(Input material)

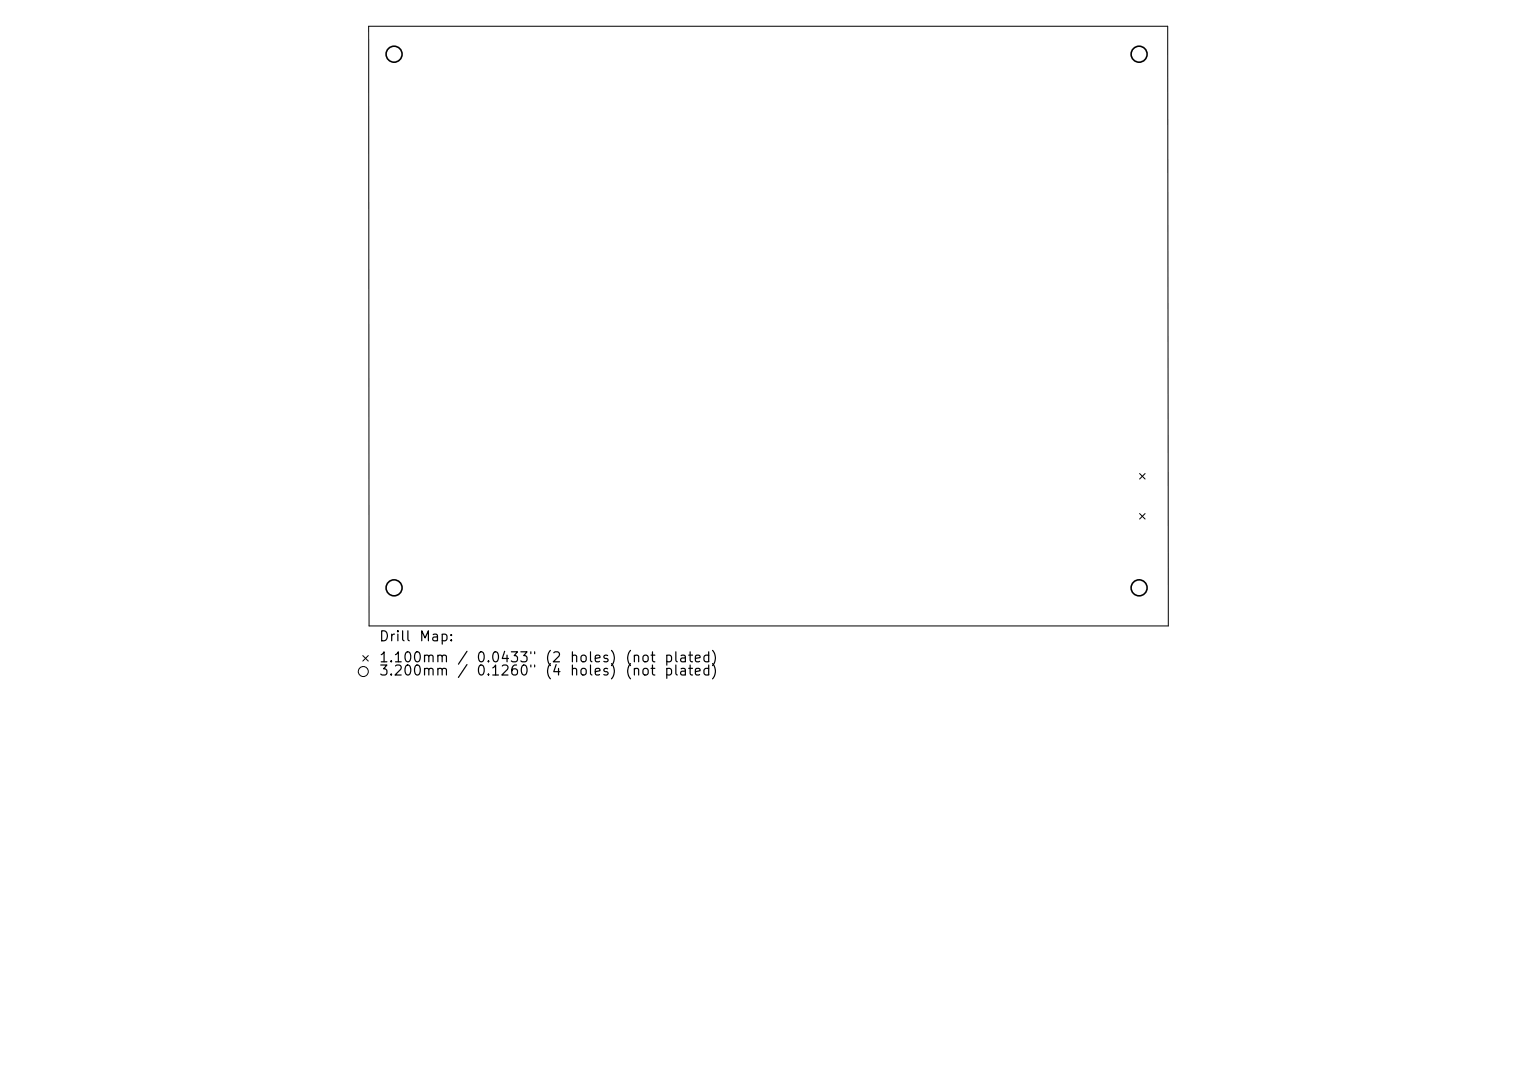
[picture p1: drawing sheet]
<svg xmlns="http://www.w3.org/2000/svg" width="297mm" height="210mm" viewBox="0 0 297 210" stroke-linecap="round" stroke-linejoin="round" font-family="sans-serif">
<defs><g id="words">
<g font-size="1.9">
<text x="73.1" y="124.4">Drill</text>
<text x="80.8" y="124.4">Map:</text>
<text x="73.1" y="128.4">1.100mm</text>
<text x="73.1" y="131">3.200mm</text>
<text x="88.2" y="128.4">/</text>
<text x="88.2" y="131">/</text>
<text x="91.9" y="128.4">0.0433&quot;</text>
<text x="91.9" y="131">0.1260&quot;</text>
<text x="105.2" y="128.4">(2</text>
<text x="105.2" y="131">(4</text>
<text x="110" y="128.4">holes)</text>
<text x="110" y="131">holes)</text>
<text x="120.6" y="128.4">(not</text>
<text x="120.6" y="131">(not</text>
<text x="128.2" y="128.4">plated)</text>
<text x="128.2" y="131">plated)</text>
</g>
</g></defs>
<g fill="none" stroke="#000" stroke-width=".19">
<path d="M71.2 5.1h154.4l.2 115.8h-154.5zM220.2 91.5l1.1 1M220.2 99.2l1.1 1.1M221.3 91.5l-1.1 1M221.3 99.2l-1.1 1.1M70.1 126.7l1.1 1M71.2 126.7l-1.1 1"/>
<circle cx="70.2" cy="129.7" r=".97"/>
</g>
<g fill="none" stroke="#000" stroke-width=".31">
<circle cx="76.2" cy="10.5" r="1.55"/>
<circle cx="220.1" cy="10.5" r="1.55"/>
<circle cx="76.2" cy="113.6" r="1.55"/>
<circle cx="220.1" cy="113.6" r="1.55"/>
</g>
<use href="#words"/>
</svg>
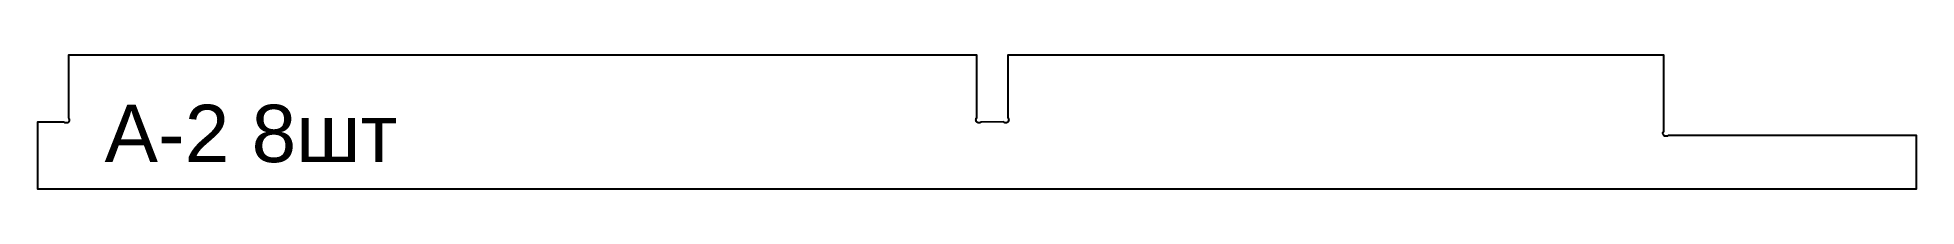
# Model space of a CAD drawing. Header units: millimetres. Extents: x 0 to 982, y 0 to 70.
import ezdxf

# ---------------------------------------------------------------- set-up
doc = ezdxf.new("R2010")
doc.units = ezdxf.units.MM
doc.layers.add('CUT', color=7, linetype='Continuous', true_color=0x000000)
doc.layers.add('LABEL_NO_CUT', color=7, linetype='Continuous', true_color=0x000000)
doc.styles.add('Arial', font='arial.ttf')

msp = doc.modelspace()

# ---------------------------------------------------------------- linework, layer by layer
at = {"layer": 'CUT', "true_color": 0x000000}
msp.add_lwpolyline([(16.1, 37.26, -1), (13.84, 35), (0, 35), (0, 0), (982, 0), (982, 28), (852.26, 28, -1), (850, 30.26), (850, 70), (507.1, 70), (507.1, 37.26, -1), (504.84, 35), (493.16, 35, -1), (490.9, 37.26), (490.9, 70), (16.1, 70)], format="xyb", close=True, dxfattribs=at)

# ---------------------------------------------------------------- texts
at = {"layer": 'LABEL_NO_CUT', "true_color": 0x000000, "style": 'Arial'}
msp.add_text('А-2 8шт', height=30, dxfattribs=at).set_placement((35, 14))

doc.saveas('drawing.dxf')

(End Input material)

What lines in the data above contain the word "Arial"? Show them all.

doc.styles.add('Arial', font='arial.ttf')
at = {"layer": 'LABEL_NO_CUT', "true_color": 0x000000, "style": 'Arial'}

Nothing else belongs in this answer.